二度と妹を悪役令嬢にはしない!!!《完結しました!!!》
enmi
第1話 悪夢からの目覚め
「アン!!!アン起きてくれ!!!頼むよ!!!」
瓦礫が降る音、ガラスが割れる音、そして竜の咆哮の中で父さんがアンを起こそうと叫ぶ。

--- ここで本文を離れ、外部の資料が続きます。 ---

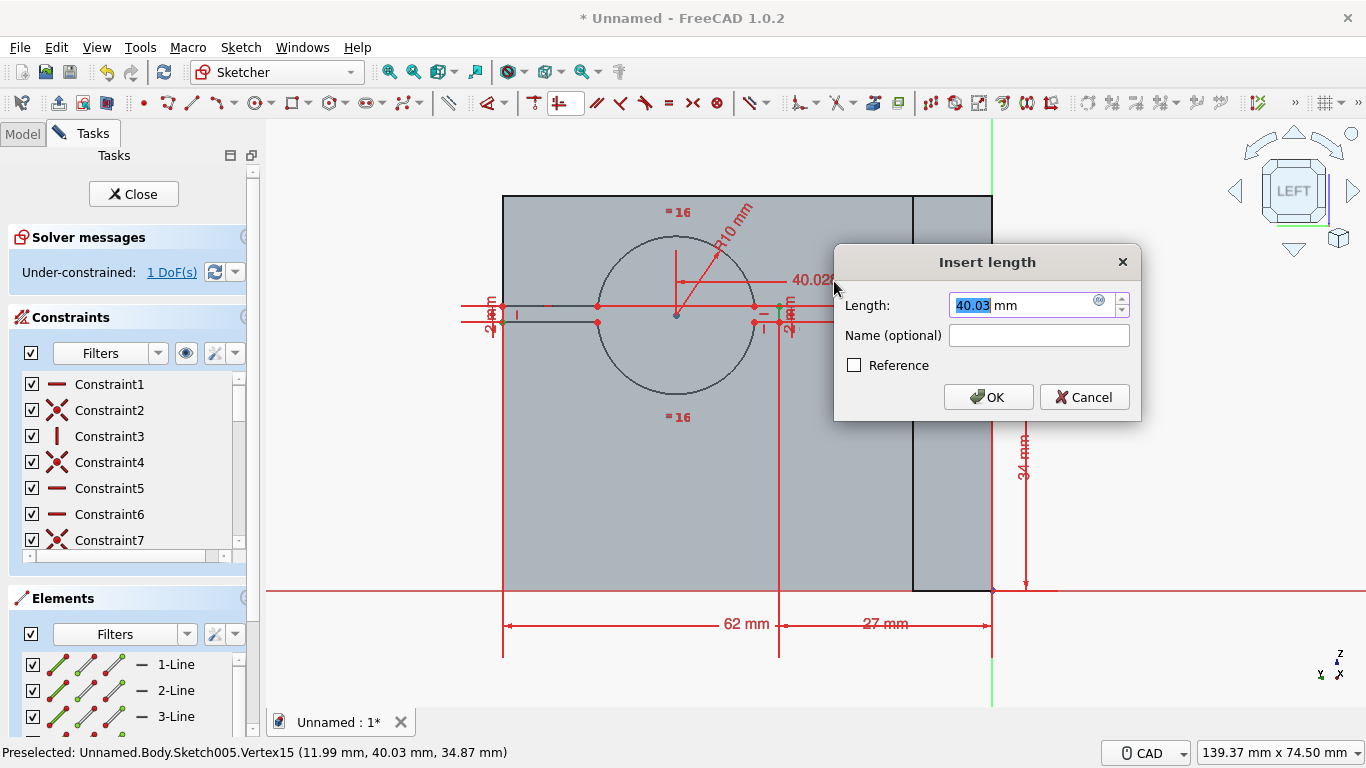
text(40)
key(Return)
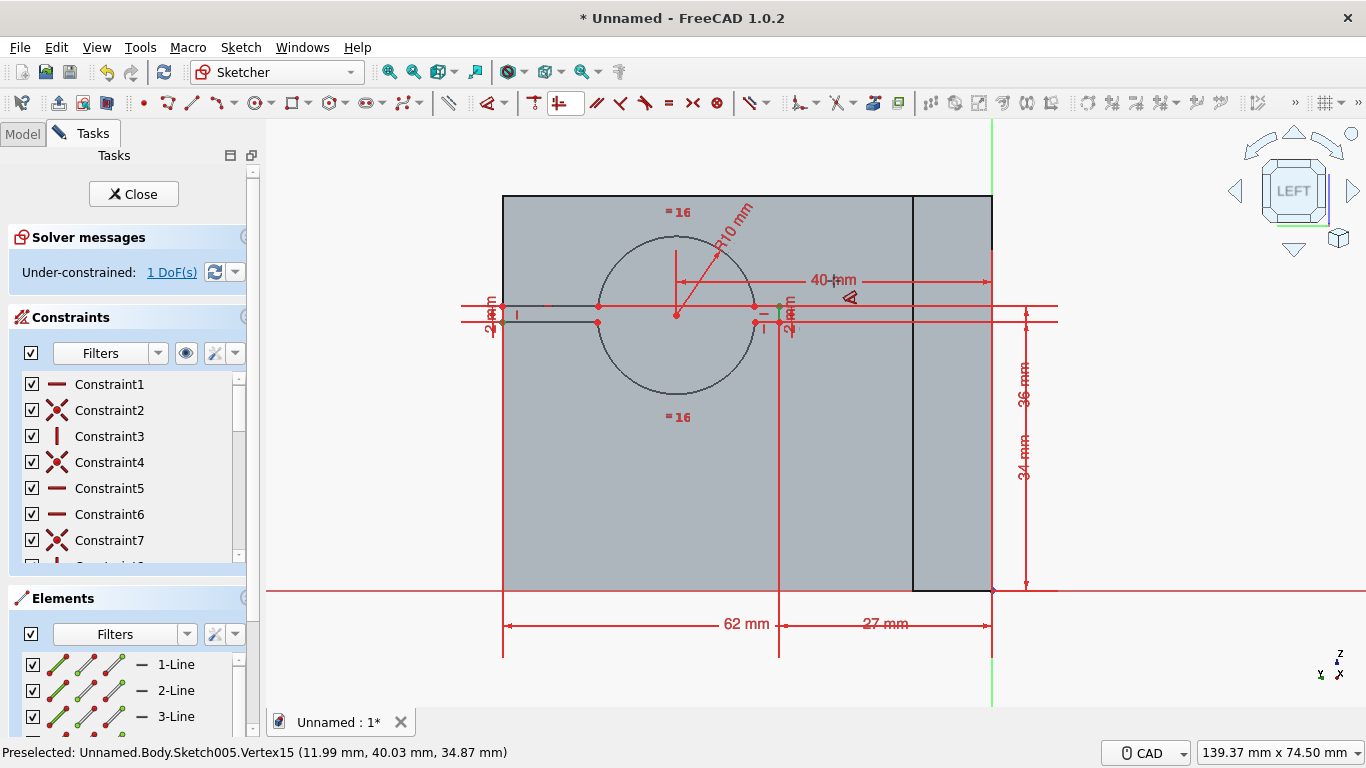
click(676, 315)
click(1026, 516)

アンの顔は茶色い長い髪で隠れ、見ることがで出来ない。
半壊の城を赤い竜が掴むと、クッキーみたいにボロボロと壊れた。
咆哮だけで、王城のガラスが割れる。
城の上部はほとんど壊され、星いっぱいの夜空が見えていた。
「エミリー!!!竜を抑えてくれ!!」
フレデリック王子は自身の新しい婚約者の肩を揺らし、助けを求めている。
婚約者は顔を真っ青にして、涙を流してただ竜を見ているだけだった。
愛しい王子の声も彼女には届いていないだろう。
二人の美しい金の髪は土埃で汚れていた。
「助けてくれ、、、、。」
微かに聞こえる声の方を見ると、瓦礫の下敷きになった国王がこちらに手を伸ばしている。
額からは血が流れ、転がる王冠は歪んでいた。
バン!!!!と大きな音がして、後方にあった扉が開き、兵士たちが現れた。
竜を見て一瞬固まるが、すぐに竜に立ち向かう者、主人を瓦礫から救おうとする者、王子と婚約者を連れ出そうとする者、各々できる限りの手を尽くそうとしていた。
「ギャオオオオオオオォォォ!!!!」
夜空を見上げ、竜が鳴く。
鳴き終わると視線を落とし、こちらを見た。
竜の口が大きく開き、一瞬にして僕の体は灼熱の炎に包まれた。
「熱い!!!!熱い!!!!」
「ギャー!!!!!」
周りから次々に悲鳴が聞こえる中、僕は静かに絶命した。
「うわあああああ!!!!熱い!!!!熱い!!!!助けて!!!」
僕は自分の声で目を覚ました。
「エドワード様!!!どうされました!!??」
僕の声がして数秒後には執事のオリバーがドアを勢いよく開け、飛び込んできた。
「オリバー、、、、???」
僕は目の前の状況が理解出来なかった。
先程まで王城にいて、竜と対峙していた。
竜が吐く炎に包まれ、熱さの中で絶命したはずだった。
しかし、見渡すと自室のベッドの上。
窓から見える空は、星いっぱいの夜空ではなく、雲ひとつない晴天だ。
思考が追いつかず、しばらく固まっていた。
「エドワード様、こちらを。」
オリバーが差し出してくれたコップを手に取り、水を一気に飲む。
手が震えていて、うまく飲めない。
「悪い夢でも見たのですか?」
オリバーの問いに返答が出来ず、また思考を巡らす。
夢?夢だったのか?
竜のことも、死んだことも、可愛い妹を信じることが出来なかったことも。
考えがまとまらず、オリバーにもう一杯水を貰おうとしたその時だった。
「あああああ!!!!熱い!!!助けてくれ
!!!アン!!!起きてくれアン!!!!」
父の寝室から目覚めの僕と同じような内容の大きな声が聞こえた。